• What the exercise asks
Pictures aside, can you reproduce the records word for word?
***** The records
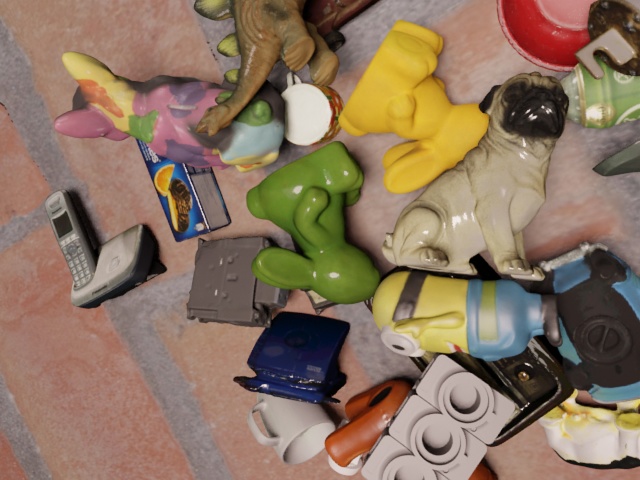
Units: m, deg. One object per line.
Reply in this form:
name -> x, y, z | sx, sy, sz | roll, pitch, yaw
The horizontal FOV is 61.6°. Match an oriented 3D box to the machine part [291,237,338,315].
machine part -> -0.005, 0.025, 0.697 | 0.084, 0.039, 0.138 | -25, 95, 32

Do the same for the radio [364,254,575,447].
radio -> 0.175, 0.108, 0.626 | 0.131, 0.073, 0.229 | -43, 85, 24

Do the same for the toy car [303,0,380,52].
toy car -> 0.047, -0.288, 0.594 | 0.202, 0.053, 0.089 | -26, 89, 26

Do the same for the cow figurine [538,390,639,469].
cow figurine -> 0.333, 0.213, 0.578 | 0.167, 0.068, 0.098 | -7, 112, 40

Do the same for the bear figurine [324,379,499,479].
bear figurine -> 0.123, 0.273, 0.667 | 0.132, 0.120, 0.196 | -38, 93, 28

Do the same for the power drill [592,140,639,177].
power drill -> 0.343, -0.002, 0.484 | 0.232, 0.086, 0.207 | -25, 74, -13

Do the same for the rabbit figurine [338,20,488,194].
rabbit figurine -> 0.115, -0.126, 0.576 | 0.173, 0.122, 0.162 | 25, 114, -6

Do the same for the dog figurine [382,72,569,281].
dog figurine -> 0.147, -0.062, 0.529 | 0.173, 0.121, 0.190 | 3, 84, 19

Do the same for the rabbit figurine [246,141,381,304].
rabbit figurine -> -0.001, -0.002, 0.601 | 0.159, 0.121, 0.170 | -24, 83, -13

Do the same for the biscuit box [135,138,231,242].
biscuit box -> -0.192, -0.102, 0.725 | 0.063, 0.059, 0.202 | -18, 96, 24

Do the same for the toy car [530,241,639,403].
toy car -> 0.292, 0.078, 0.557 | 0.109, 0.103, 0.161 | -34, 83, 29

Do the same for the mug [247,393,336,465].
mug -> -0.050, 0.236, 0.722 | 0.107, 0.109, 0.080 | 47, 127, 43

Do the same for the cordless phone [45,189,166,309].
cordless phone -> -0.325, -0.004, 0.791 | 0.147, 0.089, 0.184 | -27, 88, 25

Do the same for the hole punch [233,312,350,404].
hole punch -> -0.026, 0.151, 0.697 | 0.142, 0.116, 0.092 | 9, 98, 19

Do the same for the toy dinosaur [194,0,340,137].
toy dinosaur -> -0.020, -0.318, 0.536 | 0.199, 0.105, 0.471 | 28, 90, 23

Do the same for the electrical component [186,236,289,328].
electrical component -> -0.103, 0.055, 0.707 | 0.134, 0.058, 0.115 | -2, 75, 23

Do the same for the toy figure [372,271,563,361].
toy figure -> 0.143, 0.074, 0.539 | 0.180, 0.089, 0.082 | -5, 136, 20

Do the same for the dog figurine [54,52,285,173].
dog figurine -> -0.171, -0.143, 0.602 | 0.192, 0.219, 0.108 | 8, 93, 51

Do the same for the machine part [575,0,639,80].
machine part -> 0.322, -0.217, 0.456 | 0.243, 0.079, 0.079 | -34, 89, 0
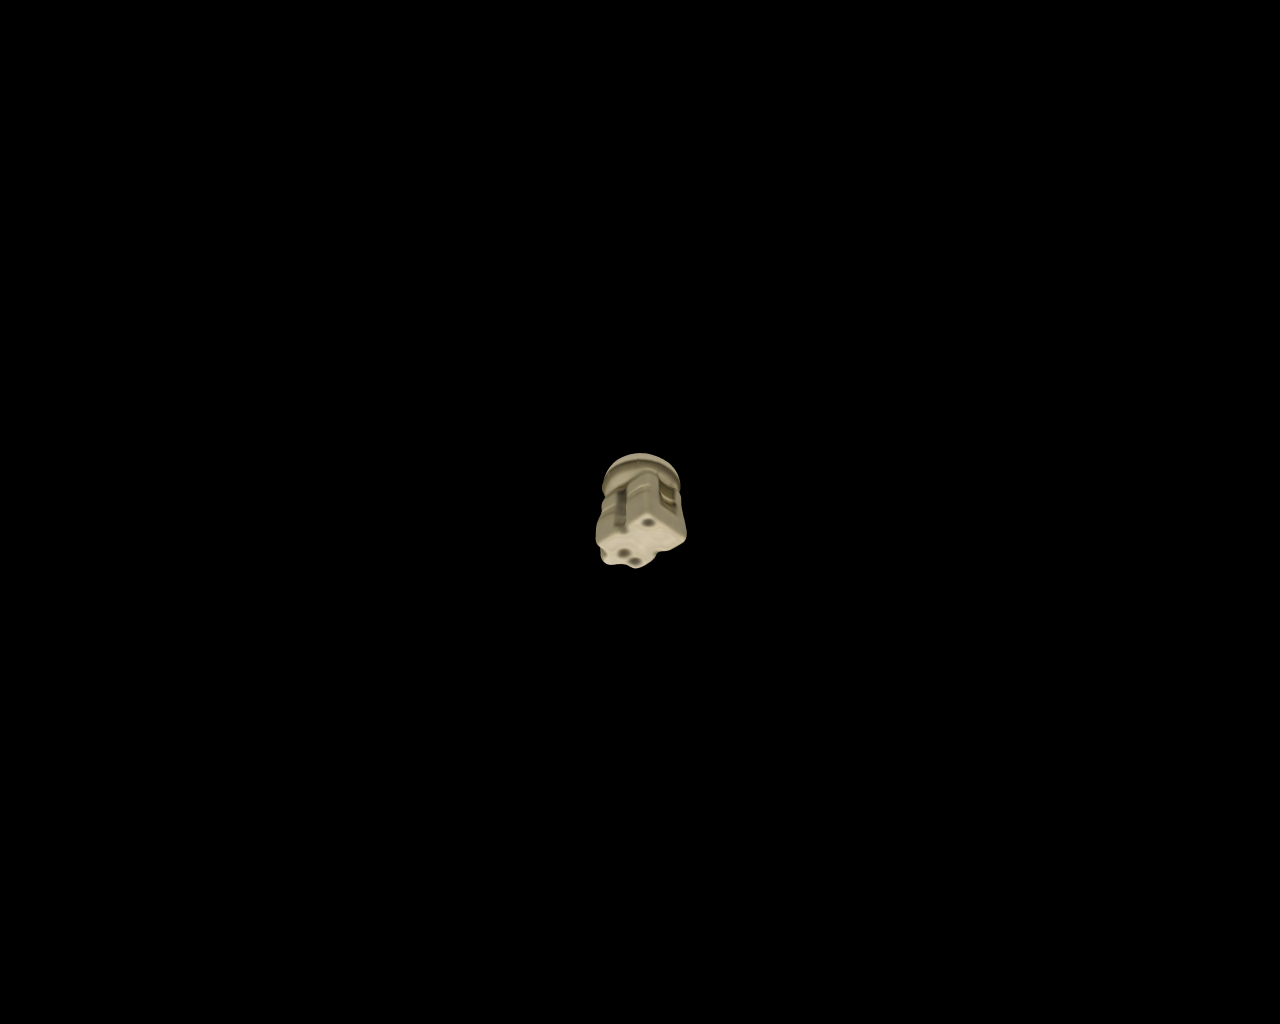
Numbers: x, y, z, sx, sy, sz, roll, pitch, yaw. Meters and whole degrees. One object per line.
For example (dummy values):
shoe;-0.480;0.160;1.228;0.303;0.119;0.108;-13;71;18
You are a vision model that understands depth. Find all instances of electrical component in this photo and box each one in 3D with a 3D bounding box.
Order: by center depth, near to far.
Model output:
electrical component;0.001;-0.003;0.650;0.066;0.055;0.048;-31;-50;30
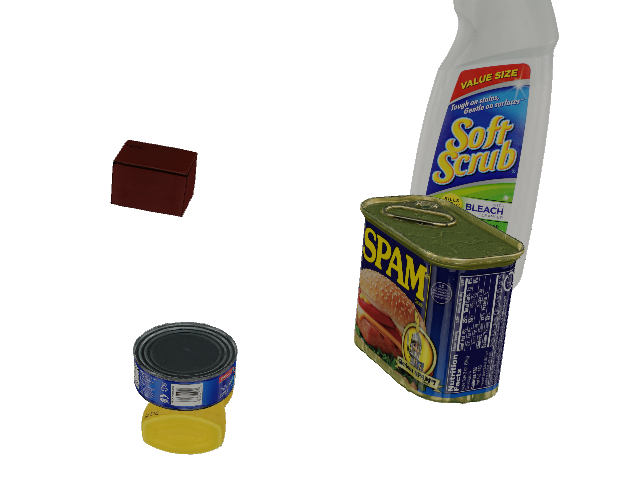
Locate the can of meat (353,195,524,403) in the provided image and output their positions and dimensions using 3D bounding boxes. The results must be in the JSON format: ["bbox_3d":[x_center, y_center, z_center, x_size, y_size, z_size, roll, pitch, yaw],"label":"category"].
[{"bbox_3d":[0.060,0.030,0.579,0.057,0.084,0.102,-5,22,-25],"label":"can of meat"}]

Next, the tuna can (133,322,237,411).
[{"bbox_3d":[-0.112,0.104,0.885,0.086,0.034,0.086,4,27,-2],"label":"tuna can"}]

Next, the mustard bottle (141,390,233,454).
[{"bbox_3d":[-0.157,0.184,1.310,0.096,0.058,0.191,2,25,1],"label":"mustard bottle"}]

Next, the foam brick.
[{"bbox_3d":[-0.170,-0.064,1.097,0.078,0.051,0.053,11,31,3],"label":"foam brick"}]

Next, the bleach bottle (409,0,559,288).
[{"bbox_3d":[0.116,-0.089,0.790,0.103,0.251,0.068,9,25,14],"label":"bleach bottle"}]
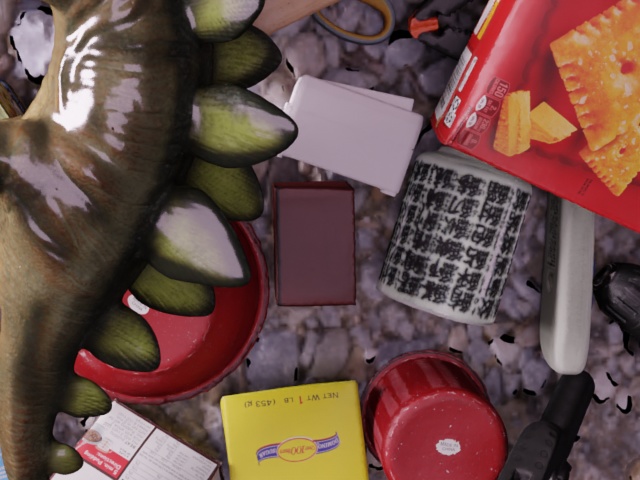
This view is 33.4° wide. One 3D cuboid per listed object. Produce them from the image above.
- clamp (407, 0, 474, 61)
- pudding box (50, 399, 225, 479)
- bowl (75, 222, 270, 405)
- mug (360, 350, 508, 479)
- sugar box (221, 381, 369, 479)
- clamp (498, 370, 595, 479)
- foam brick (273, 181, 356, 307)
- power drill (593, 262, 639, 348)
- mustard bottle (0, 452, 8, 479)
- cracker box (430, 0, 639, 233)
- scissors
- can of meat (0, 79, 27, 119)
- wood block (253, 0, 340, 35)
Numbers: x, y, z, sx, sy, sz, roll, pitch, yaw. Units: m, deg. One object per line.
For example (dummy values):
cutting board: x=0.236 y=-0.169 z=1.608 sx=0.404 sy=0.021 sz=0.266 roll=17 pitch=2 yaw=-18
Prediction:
clamp: x=0.162 y=-0.139 z=0.662 sx=0.210 sy=0.036 sz=0.164 roll=-15 pitch=103 yaw=6
pudding box: x=-0.128 y=0.170 z=0.681 sx=0.090 sy=0.039 sz=0.113 roll=29 pitch=63 yaw=12
bowl: x=-0.113 y=0.036 z=0.695 sx=0.162 sy=0.055 sz=0.162 roll=0 pitch=97 yaw=-3
mug: x=0.081 y=0.138 z=0.706 sx=0.093 sy=0.081 sz=0.117 roll=-22 pitch=98 yaw=-1
sugar box: x=-0.011 y=0.186 z=0.703 sx=0.093 sy=0.048 sz=0.176 roll=-7 pitch=79 yaw=-4
clamp: x=0.143 y=0.140 z=0.680 sx=0.039 sy=0.171 sz=0.120 roll=9 pitch=86 yaw=19
foam brick: x=-0.005 y=0.001 z=0.698 sx=0.051 sy=0.053 sz=0.078 roll=-2 pitch=99 yaw=-3
power drill: x=0.301 y=0.023 z=0.719 sx=0.184 sy=0.057 sz=0.188 roll=37 pitch=96 yaw=-8
mustard bottle: x=-0.231 y=0.162 z=0.702 sx=0.096 sy=0.058 sz=0.191 roll=-9 pitch=98 yaw=-3
cracker box: x=0.196 y=-0.091 z=0.620 sx=0.213 sy=0.072 sz=0.164 roll=23 pitch=109 yaw=-8
scissors: x=-0.021 y=-0.209 z=0.687 sx=0.201 sy=0.016 sz=0.096 roll=40 pitch=95 yaw=-8
can of meat: x=-0.202 y=-0.055 z=0.662 sx=0.057 sy=0.084 sz=0.102 roll=-32 pitch=99 yaw=1
wood block: x=0.009 y=-0.192 z=0.634 sx=0.206 sy=0.091 sz=0.090 roll=-25 pitch=102 yaw=5
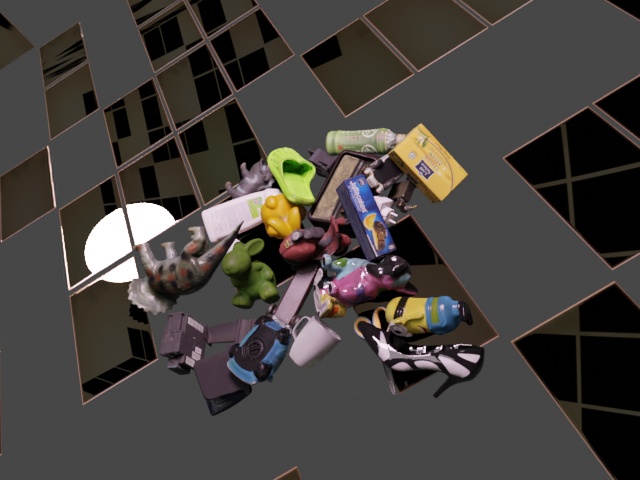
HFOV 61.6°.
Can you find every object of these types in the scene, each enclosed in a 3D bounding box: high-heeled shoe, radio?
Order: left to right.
[{"bbox_3d":[0.077,-0.119,1.394,0.131,0.073,0.229,14,67,32],"label":"radio"},{"bbox_3d":[0.205,0.209,1.096,0.249,0.086,0.145,39,102,13],"label":"high-heeled shoe"}]

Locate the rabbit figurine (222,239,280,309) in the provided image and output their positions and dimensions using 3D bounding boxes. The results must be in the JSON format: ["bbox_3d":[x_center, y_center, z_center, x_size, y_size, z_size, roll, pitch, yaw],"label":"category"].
**********
• Solution to this exercise
Units: m, deg. One object per line.
Reply in this form:
name -> x, y, z | sx, sy, sz | roll, pitch, yaw
The horizontal FOV is 61.6°. Match an oriented 3D box to the machine part [291,237,338,315].
machine part -> -0.005, 0.025, 0.697 | 0.084, 0.039, 0.138 | -25, 95, 32

Do the same for the radio [364,254,575,447].
radio -> 0.175, 0.108, 0.626 | 0.131, 0.073, 0.229 | -43, 85, 24

Do the same for the toy car [303,0,380,52].
toy car -> 0.047, -0.288, 0.594 | 0.202, 0.053, 0.089 | -26, 89, 26

Do the same for the cow figurine [538,390,639,469].
cow figurine -> 0.333, 0.213, 0.578 | 0.167, 0.068, 0.098 | -7, 112, 40

Do the same for the bear figurine [324,379,499,479].
bear figurine -> 0.123, 0.273, 0.667 | 0.132, 0.120, 0.196 | -38, 93, 28

Do the same for the power drill [592,140,639,177].
power drill -> 0.343, -0.002, 0.484 | 0.232, 0.086, 0.207 | -25, 74, -13

Do the same for the rabbit figurine [338,20,488,194].
rabbit figurine -> 0.115, -0.126, 0.576 | 0.173, 0.122, 0.162 | 25, 114, -6

Do the same for the dog figurine [382,72,569,281].
dog figurine -> 0.147, -0.062, 0.529 | 0.173, 0.121, 0.190 | 3, 84, 19

Do the same for the rabbit figurine [246,141,381,304].
rabbit figurine -> -0.001, -0.002, 0.601 | 0.159, 0.121, 0.170 | -24, 83, -13

Do the same for the biscuit box [135,138,231,242].
biscuit box -> -0.192, -0.102, 0.725 | 0.063, 0.059, 0.202 | -18, 96, 24

Do the same for the toy car [530,241,639,403].
toy car -> 0.292, 0.078, 0.557 | 0.109, 0.103, 0.161 | -34, 83, 29

Do the same for the mug [247,393,336,465].
mug -> -0.050, 0.236, 0.722 | 0.107, 0.109, 0.080 | 47, 127, 43

Do the same for the cordless phone [45,189,166,309].
cordless phone -> -0.325, -0.004, 0.791 | 0.147, 0.089, 0.184 | -27, 88, 25

Do the same for the hole punch [233,312,350,404].
hole punch -> -0.026, 0.151, 0.697 | 0.142, 0.116, 0.092 | 9, 98, 19

Do the same for the toy dinosaur [194,0,340,137].
toy dinosaur -> -0.020, -0.318, 0.536 | 0.199, 0.105, 0.471 | 28, 90, 23

Do the same for the electrical component [186,236,289,328].
electrical component -> -0.103, 0.055, 0.707 | 0.134, 0.058, 0.115 | -2, 75, 23

Do the same for the toy figure [372,271,563,361].
toy figure -> 0.143, 0.074, 0.539 | 0.180, 0.089, 0.082 | -5, 136, 20

Do the same for the dog figurine [54,52,285,173].
dog figurine -> -0.171, -0.143, 0.602 | 0.192, 0.219, 0.108 | 8, 93, 51

Do the same for the machine part [575,0,639,80].
machine part -> 0.322, -0.217, 0.456 | 0.243, 0.079, 0.079 | -34, 89, 0
Numbers: x, y, z, sx, sy, sz, roll, pitch, yaw. Meters and whole degrees. One object per line.
For example (dummy values):
shoe;-0.480;0.160;1.228;0.303;0.119;0.108;-13;71;18
You are a vision model that understands depth. Find all instances of electrical component in this photo and box each one in 3D with a 3D bounding box.
Order: by center depth, near to far.
Model output:
electrical component;0.001;-0.003;0.650;0.066;0.055;0.048;-31;-50;30
Locate the can of meat (353,195,524,403) in the provided image and output their positions and dimensions using 3D bounding boxes. The results must be in the JSON format: ["bbox_3d":[x_center, y_center, z_center, x_size, y_size, z_size, roll, pitch, yaw],"label":"category"].
[{"bbox_3d":[0.060,0.030,0.579,0.057,0.084,0.102,-5,22,-25],"label":"can of meat"}]

Next, the tuna can (133,322,237,411).
[{"bbox_3d":[-0.112,0.104,0.885,0.086,0.034,0.086,4,27,-2],"label":"tuna can"}]

Next, the mustard bottle (141,390,233,454).
[{"bbox_3d":[-0.157,0.184,1.310,0.096,0.058,0.191,2,25,1],"label":"mustard bottle"}]

Next, the foam brick.
[{"bbox_3d":[-0.170,-0.064,1.097,0.078,0.051,0.053,11,31,3],"label":"foam brick"}]

Next, the bleach bottle (409,0,559,288).
[{"bbox_3d":[0.116,-0.089,0.790,0.103,0.251,0.068,9,25,14],"label":"bleach bottle"}]
This view is 33.4° wide. One 3D cuboid per listed object. Produce them from the image above.
- clamp (407, 0, 474, 61)
- pudding box (50, 399, 225, 479)
- bowl (75, 222, 270, 405)
- mug (360, 350, 508, 479)
- sugar box (221, 381, 369, 479)
- clamp (498, 370, 595, 479)
- foam brick (273, 181, 356, 307)
- power drill (593, 262, 639, 348)
- mustard bottle (0, 452, 8, 479)
- cracker box (430, 0, 639, 233)
- scissors
- can of meat (0, 79, 27, 119)
- wood block (253, 0, 340, 35)
Numbers: x, y, z, sx, sy, sz, roll, pitch, yaw. Units: m, deg. One object per line.
For example (dummy values):
cutting board: x=0.236 y=-0.169 z=1.608 sx=0.404 sy=0.021 sz=0.266 roll=17 pitch=2 yaw=-18
Prediction:
clamp: x=0.162 y=-0.139 z=0.662 sx=0.210 sy=0.036 sz=0.164 roll=-15 pitch=103 yaw=6
pudding box: x=-0.128 y=0.170 z=0.681 sx=0.090 sy=0.039 sz=0.113 roll=29 pitch=63 yaw=12
bowl: x=-0.113 y=0.036 z=0.695 sx=0.162 sy=0.055 sz=0.162 roll=0 pitch=97 yaw=-3
mug: x=0.081 y=0.138 z=0.706 sx=0.093 sy=0.081 sz=0.117 roll=-22 pitch=98 yaw=-1
sugar box: x=-0.011 y=0.186 z=0.703 sx=0.093 sy=0.048 sz=0.176 roll=-7 pitch=79 yaw=-4
clamp: x=0.143 y=0.140 z=0.680 sx=0.039 sy=0.171 sz=0.120 roll=9 pitch=86 yaw=19
foam brick: x=-0.005 y=0.001 z=0.698 sx=0.051 sy=0.053 sz=0.078 roll=-2 pitch=99 yaw=-3
power drill: x=0.301 y=0.023 z=0.719 sx=0.184 sy=0.057 sz=0.188 roll=37 pitch=96 yaw=-8
mustard bottle: x=-0.231 y=0.162 z=0.702 sx=0.096 sy=0.058 sz=0.191 roll=-9 pitch=98 yaw=-3
cracker box: x=0.196 y=-0.091 z=0.620 sx=0.213 sy=0.072 sz=0.164 roll=23 pitch=109 yaw=-8
scissors: x=-0.021 y=-0.209 z=0.687 sx=0.201 sy=0.016 sz=0.096 roll=40 pitch=95 yaw=-8
can of meat: x=-0.202 y=-0.055 z=0.662 sx=0.057 sy=0.084 sz=0.102 roll=-32 pitch=99 yaw=1
wood block: x=0.009 y=-0.192 z=0.634 sx=0.206 sy=0.091 sz=0.090 roll=-25 pitch=102 yaw=5
HFOV 61.6°.
Can you find every object of these types in the scene, each enclosed in a 3D bounding box: high-heeled shoe, radio?
Order: left to right.
[{"bbox_3d":[0.077,-0.119,1.394,0.131,0.073,0.229,14,67,32],"label":"radio"},{"bbox_3d":[0.205,0.209,1.096,0.249,0.086,0.145,39,102,13],"label":"high-heeled shoe"}]

Locate the rabbit figurine (222,239,280,309) in the provided image and output their positions and dimensions using 3D bounding boxes. The results must be in the JSON format: ["bbox_3d":[x_center, y_center, z_center, x_size, y_size, z_size, roll, pitch, yaw],"label":"category"].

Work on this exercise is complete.